Coming off his masterpiece My Beautiful Dark Twisted Fantasy, Kanye West’s collaboration with Jay-Z should have been a victory lap, a reaffirmation that there is no doubt they aren’t just on top of the rap game, but on top of popular culture as well. Instead,”H.A.M.” just comes off as show-boating. Which would be fine, if the music were good. Much of Kanye’s adoration comes from the fact that he’s able to brilliantly take from all landscapes of the music spectrum and make incredible music that transcends genres. Did anyone ever expect to see ballerinas in a rap video? Ye has never been afraid to take inspiration from anything really. Whether it’s Otis Redding, classical music, and even Indie bands. “H.A.M.” strips away all the things that make Ye unique, and it just comes across as lowering his standards.

“H.A.M.” (short for “hard as a motherfucker”) is supposed to well, go hard.
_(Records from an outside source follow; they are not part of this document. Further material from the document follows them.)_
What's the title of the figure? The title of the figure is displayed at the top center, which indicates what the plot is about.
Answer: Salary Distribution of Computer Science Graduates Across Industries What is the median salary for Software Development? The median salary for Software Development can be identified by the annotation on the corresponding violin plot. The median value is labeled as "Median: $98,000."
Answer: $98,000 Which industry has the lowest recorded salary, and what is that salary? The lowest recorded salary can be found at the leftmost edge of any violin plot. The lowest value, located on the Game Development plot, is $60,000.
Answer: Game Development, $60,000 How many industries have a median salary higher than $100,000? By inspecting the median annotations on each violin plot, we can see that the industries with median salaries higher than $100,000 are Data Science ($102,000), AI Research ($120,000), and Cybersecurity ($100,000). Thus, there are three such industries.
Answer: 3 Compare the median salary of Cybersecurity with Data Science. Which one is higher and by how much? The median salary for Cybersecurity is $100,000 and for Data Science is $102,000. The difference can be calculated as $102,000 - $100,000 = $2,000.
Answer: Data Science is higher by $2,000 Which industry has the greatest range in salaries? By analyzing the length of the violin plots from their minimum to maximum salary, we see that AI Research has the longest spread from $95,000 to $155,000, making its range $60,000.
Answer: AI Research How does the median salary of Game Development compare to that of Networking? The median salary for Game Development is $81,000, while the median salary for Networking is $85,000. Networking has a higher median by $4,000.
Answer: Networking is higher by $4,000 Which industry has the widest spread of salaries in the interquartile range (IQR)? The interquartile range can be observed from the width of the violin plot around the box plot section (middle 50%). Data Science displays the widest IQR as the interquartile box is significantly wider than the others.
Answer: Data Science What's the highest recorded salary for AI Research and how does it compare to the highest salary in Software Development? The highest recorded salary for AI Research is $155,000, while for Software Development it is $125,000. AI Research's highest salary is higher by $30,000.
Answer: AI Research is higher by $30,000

And to a degree it does. But there is so much wrong with this song musically that it becomes distracting. It was almost as if, they kept shoving as much stuff as they could into the song to make it sound epic. The choir of wailing banshees, the Mortal Kombat-esque rising synth. At times, it almost comes across as laughable. I can’t help but think this would be a great parody song of what a rapper with a big ego “would” make – something Lonely Island would attempt. Thematically, I understand why they wanted this song to be epic. The album is called Watch the Throne, after all. And with two superstars throwing down on the same song, it’s supposed to be majestic, grand, and over the top. All of this I am fine with. In fact, prior to this, I would have said the crazier and more over the top Ye could get, the better. But this proves that even Ye’s theatrics has a limit.
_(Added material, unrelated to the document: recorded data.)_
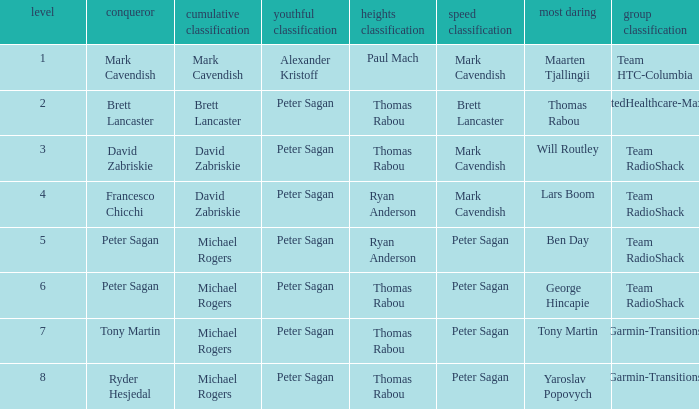Who was the winner of the sprint classification when peter sagan secured the youth classification and thomas rabou claimed the most courageous title? Brett Lancaster. 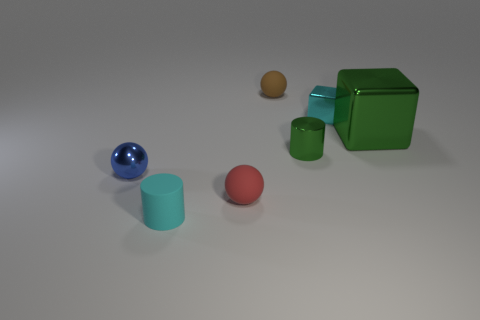Is there a yellow matte thing that has the same shape as the small red thing?
Give a very brief answer. No. Does the big object have the same shape as the tiny brown thing?
Make the answer very short. No. The small cylinder right of the small cylinder that is on the left side of the brown rubber sphere is what color?
Your answer should be very brief. Green. There is a shiny sphere that is the same size as the brown rubber object; what is its color?
Offer a very short reply. Blue. What number of shiny things are large brown things or small cyan blocks?
Keep it short and to the point. 1. How many small green metallic objects are in front of the tiny metallic thing to the left of the red ball?
Offer a terse response. 0. There is a metallic block that is the same color as the tiny shiny cylinder; what is its size?
Offer a very short reply. Large. How many things are brown spheres or small balls in front of the big cube?
Provide a succinct answer. 3. Is there a small gray block made of the same material as the tiny brown sphere?
Keep it short and to the point. No. What number of cyan things are both in front of the red sphere and right of the brown sphere?
Provide a succinct answer. 0. 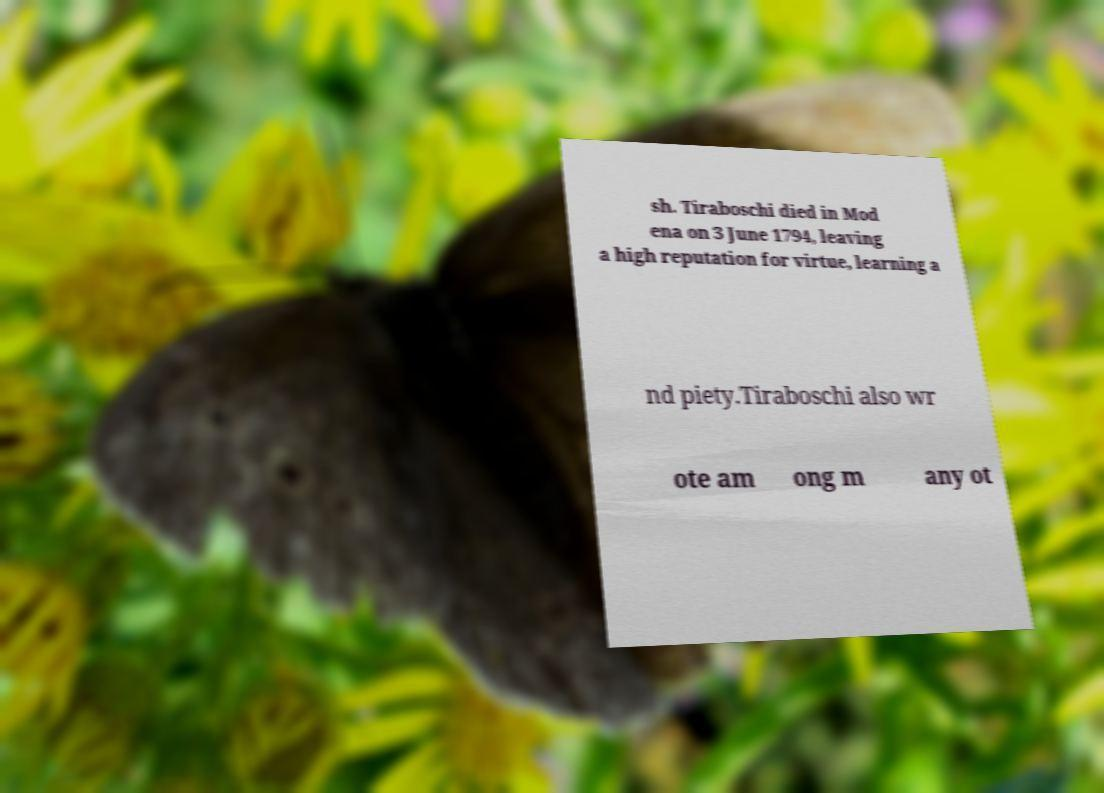Please read and relay the text visible in this image. What does it say? sh. Tiraboschi died in Mod ena on 3 June 1794, leaving a high reputation for virtue, learning a nd piety.Tiraboschi also wr ote am ong m any ot

Unfortunately, both Ye and Jay focused way too much on the theme of the song, rather than the content. Verses leave much to be desired. The production sounds cheesy. The actual mixing of the various elements (the choir, the synth etc.) comes off like a train wreck. “H.A.M.” isn’t by any means a complete failure. But it’s certainly not the grand introduction Watch the Throne we had hoped for. And really, we expect more from Kanye West than this. But that aside (not comparing this to his past works) – just as a song, this isn’t that good.